*** Begin section ***

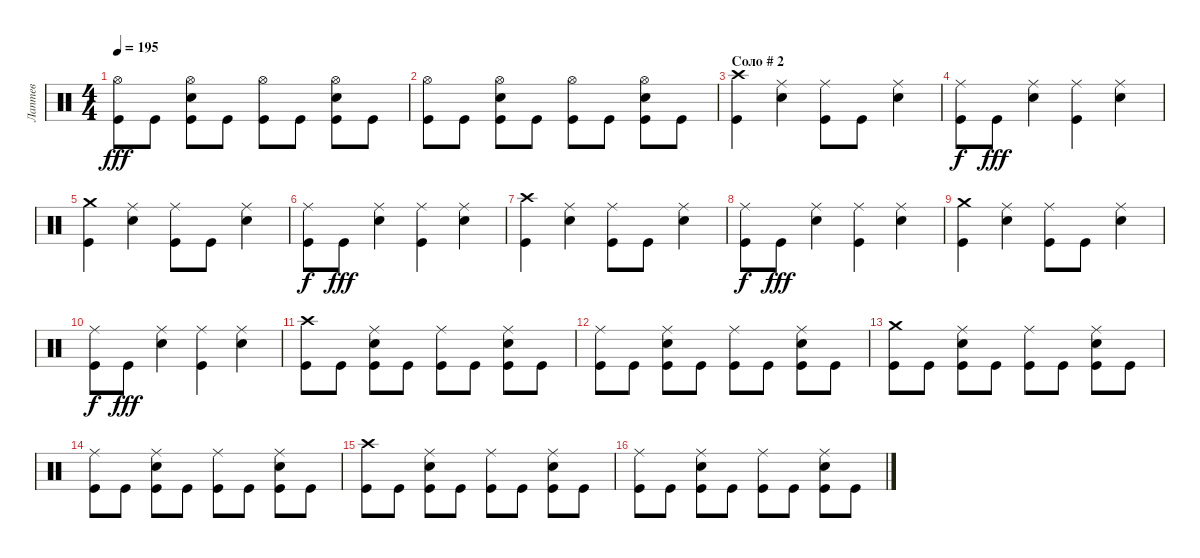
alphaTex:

\track ("Лаптев" "Лаптев") {instrument percussion}
\staff {score}
\articulation defaults
\ts (4 4)
\tempo 195
\clef neutral
\ks c
("Hi-Hat (open)" "Kick (hit)").8{dy fff} "Kick (hit)".8 ("Hi-Hat (open)" "Electric Snare (hit)" "Kick (hit)").8 "Kick (hit)".8 ("Hi-Hat (open)" "Kick (hit)").8 "Kick (hit)".8 ("Hi-Hat (open)" "Electric Snare (hit)" "Kick (hit)").8 "Kick (hit)".8 |
("Hi-Hat (open)" "Kick (hit)").8 "Kick (hit)".8 ("Hi-Hat (open)" "Electric Snare (hit)" "Kick (hit)").8 "Kick (hit)".8 ("Hi-Hat (open)" "Kick (hit)").8 "Kick (hit)".8 ("Hi-Hat (open)" "Electric Snare (hit)" "Kick (hit)").8 "Kick (hit)".8 |
\section ("" "Соло # 2")
("Crash high (hit)" "Kick (hit)").4 ("Ride (middle)" "Electric Snare (hit)").4 ("Ride (middle)" "Kick (hit)").8 "Kick (hit)".8 ("Ride (middle)" "Electric Snare (hit)").4 |
("Ride (middle)" "Kick (hit)").8{dy f} "Kick (hit)".8{dy fff} ("Ride (middle)" "Electric Snare (hit)").4 ("Ride (middle)" "Kick (hit)").4 ("Ride (middle)" "Electric Snare (hit)").4 |
("Crash medium (hit)" "Kick (hit)").4 ("Ride (middle)" "Electric Snare (hit)").4 ("Ride (middle)" "Kick (hit)").8 "Kick (hit)".8 ("Ride (middle)" "Electric Snare (hit)").4 |
("Ride (middle)" "Kick (hit)").8{dy f} "Kick (hit)".8{dy fff} ("Ride (middle)" "Electric Snare (hit)").4 ("Ride (middle)" "Kick (hit)").4 ("Ride (middle)" "Electric Snare (hit)").4 |
("Crash high (hit)" "Kick (hit)").4 ("Ride (middle)" "Electric Snare (hit)").4 ("Ride (middle)" "Kick (hit)").8 "Kick (hit)".8 ("Ride (middle)" "Electric Snare (hit)").4 |
("Ride (middle)" "Kick (hit)").8{dy f} "Kick (hit)".8{dy fff} ("Ride (middle)" "Electric Snare (hit)").4 ("Ride (middle)" "Kick (hit)").4 ("Ride (middle)" "Electric Snare (hit)").4 |
("Crash medium (hit)" "Kick (hit)").4 ("Ride (middle)" "Electric Snare (hit)").4 ("Ride (middle)" "Kick (hit)").8 "Kick (hit)".8 ("Ride (middle)" "Electric Snare (hit)").4 |
("Ride (middle)" "Kick (hit)").8{dy f} "Kick (hit)".8{dy fff} ("Ride (middle)" "Electric Snare (hit)").4 ("Ride (middle)" "Kick (hit)").4 ("Ride (middle)" "Electric Snare (hit)").4 |
("Crash high (hit)" "Kick (hit)").8 "Kick (hit)".8 ("Ride (middle)" "Electric Snare (hit)" "Kick (hit)").8 "Kick (hit)".8 ("Ride (middle)" "Kick (hit)").8 "Kick (hit)".8 ("Ride (middle)" "Electric Snare (hit)" "Kick (hit)").8 "Kick (hit)".8 |
("Ride (middle)" "Kick (hit)").8 "Kick (hit)".8 ("Ride (middle)" "Electric Snare (hit)" "Kick (hit)").8 "Kick (hit)".8 ("Ride (middle)" "Kick (hit)").8 "Kick (hit)".8 ("Ride (middle)" "Electric Snare (hit)" "Kick (hit)").8 "Kick (hit)".8 |
("Crash medium (hit)" "Kick (hit)").8 "Kick (hit)".8 ("Ride (middle)" "Electric Snare (hit)" "Kick (hit)").8 "Kick (hit)".8 ("Ride (middle)" "Kick (hit)").8 "Kick (hit)".8 ("Ride (middle)" "Electric Snare (hit)" "Kick (hit)").8 "Kick (hit)".8 |
("Ride (middle)" "Kick (hit)").8 "Kick (hit)".8 ("Ride (middle)" "Electric Snare (hit)" "Kick (hit)").8 "Kick (hit)".8 ("Ride (middle)" "Kick (hit)").8 "Kick (hit)".8 ("Ride (middle)" "Electric Snare (hit)" "Kick (hit)").8 "Kick (hit)".8 |
("Crash high (hit)" "Kick (hit)").8 "Kick (hit)".8 ("Ride (middle)" "Electric Snare (hit)" "Kick (hit)").8 "Kick (hit)".8 ("Ride (middle)" "Kick (hit)").8 "Kick (hit)".8 ("Ride (middle)" "Electric Snare (hit)" "Kick (hit)").8 "Kick (hit)".8 |
("Ride (middle)" "Kick (hit)").8 "Kick (hit)".8 ("Ride (middle)" "Electric Snare (hit)" "Kick (hit)").8 "Kick (hit)".8 ("Ride (middle)" "Kick (hit)").8 "Kick (hit)".8 ("Ride (middle)" "Electric Snare (hit)" "Kick (hit)").8 "Kick (hit)".8

*** End section ***

What the exercise asks :: Copy out all the data exactly, skipping the pictures.

Your response ::
alphaTex:

\track ("Лаптев" "Лаптев") {instrument percussion}
\staff {score}
\articulation defaults
\ts (4 4)
\tempo 195
\clef neutral
\ks c
("Hi-Hat (open)" "Kick (hit)").8{dy fff} "Kick (hit)".8 ("Hi-Hat (open)" "Electric Snare (hit)" "Kick (hit)").8 "Kick (hit)".8 ("Hi-Hat (open)" "Kick (hit)").8 "Kick (hit)".8 ("Hi-Hat (open)" "Electric Snare (hit)" "Kick (hit)").8 "Kick (hit)".8 |
("Hi-Hat (open)" "Kick (hit)").8 "Kick (hit)".8 ("Hi-Hat (open)" "Electric Snare (hit)" "Kick (hit)").8 "Kick (hit)".8 ("Hi-Hat (open)" "Kick (hit)").8 "Kick (hit)".8 ("Hi-Hat (open)" "Electric Snare (hit)" "Kick (hit)").8 "Kick (hit)".8 |
\section ("" "Соло # 2")
("Crash high (hit)" "Kick (hit)").4 ("Ride (middle)" "Electric Snare (hit)").4 ("Ride (middle)" "Kick (hit)").8 "Kick (hit)".8 ("Ride (middle)" "Electric Snare (hit)").4 |
("Ride (middle)" "Kick (hit)").8{dy f} "Kick (hit)".8{dy fff} ("Ride (middle)" "Electric Snare (hit)").4 ("Ride (middle)" "Kick (hit)").4 ("Ride (middle)" "Electric Snare (hit)").4 |
("Crash medium (hit)" "Kick (hit)").4 ("Ride (middle)" "Electric Snare (hit)").4 ("Ride (middle)" "Kick (hit)").8 "Kick (hit)".8 ("Ride (middle)" "Electric Snare (hit)").4 |
("Ride (middle)" "Kick (hit)").8{dy f} "Kick (hit)".8{dy fff} ("Ride (middle)" "Electric Snare (hit)").4 ("Ride (middle)" "Kick (hit)").4 ("Ride (middle)" "Electric Snare (hit)").4 |
("Crash high (hit)" "Kick (hit)").4 ("Ride (middle)" "Electric Snare (hit)").4 ("Ride (middle)" "Kick (hit)").8 "Kick (hit)".8 ("Ride (middle)" "Electric Snare (hit)").4 |
("Ride (middle)" "Kick (hit)").8{dy f} "Kick (hit)".8{dy fff} ("Ride (middle)" "Electric Snare (hit)").4 ("Ride (middle)" "Kick (hit)").4 ("Ride (middle)" "Electric Snare (hit)").4 |
("Crash medium (hit)" "Kick (hit)").4 ("Ride (middle)" "Electric Snare (hit)").4 ("Ride (middle)" "Kick (hit)").8 "Kick (hit)".8 ("Ride (middle)" "Electric Snare (hit)").4 |
("Ride (middle)" "Kick (hit)").8{dy f} "Kick (hit)".8{dy fff} ("Ride (middle)" "Electric Snare (hit)").4 ("Ride (middle)" "Kick (hit)").4 ("Ride (middle)" "Electric Snare (hit)").4 |
("Crash high (hit)" "Kick (hit)").8 "Kick (hit)".8 ("Ride (middle)" "Electric Snare (hit)" "Kick (hit)").8 "Kick (hit)".8 ("Ride (middle)" "Kick (hit)").8 "Kick (hit)".8 ("Ride (middle)" "Electric Snare (hit)" "Kick (hit)").8 "Kick (hit)".8 |
("Ride (middle)" "Kick (hit)").8 "Kick (hit)".8 ("Ride (middle)" "Electric Snare (hit)" "Kick (hit)").8 "Kick (hit)".8 ("Ride (middle)" "Kick (hit)").8 "Kick (hit)".8 ("Ride (middle)" "Electric Snare (hit)" "Kick (hit)").8 "Kick (hit)".8 |
("Crash medium (hit)" "Kick (hit)").8 "Kick (hit)".8 ("Ride (middle)" "Electric Snare (hit)" "Kick (hit)").8 "Kick (hit)".8 ("Ride (middle)" "Kick (hit)").8 "Kick (hit)".8 ("Ride (middle)" "Electric Snare (hit)" "Kick (hit)").8 "Kick (hit)".8 |
("Ride (middle)" "Kick (hit)").8 "Kick (hit)".8 ("Ride (middle)" "Electric Snare (hit)" "Kick (hit)").8 "Kick (hit)".8 ("Ride (middle)" "Kick (hit)").8 "Kick (hit)".8 ("Ride (middle)" "Electric Snare (hit)" "Kick (hit)").8 "Kick (hit)".8 |
("Crash high (hit)" "Kick (hit)").8 "Kick (hit)".8 ("Ride (middle)" "Electric Snare (hit)" "Kick (hit)").8 "Kick (hit)".8 ("Ride (middle)" "Kick (hit)").8 "Kick (hit)".8 ("Ride (middle)" "Electric Snare (hit)" "Kick (hit)").8 "Kick (hit)".8 |
("Ride (middle)" "Kick (hit)").8 "Kick (hit)".8 ("Ride (middle)" "Electric Snare (hit)" "Kick (hit)").8 "Kick (hit)".8 ("Ride (middle)" "Kick (hit)").8 "Kick (hit)".8 ("Ride (middle)" "Electric Snare (hit)" "Kick (hit)").8 "Kick (hit)".8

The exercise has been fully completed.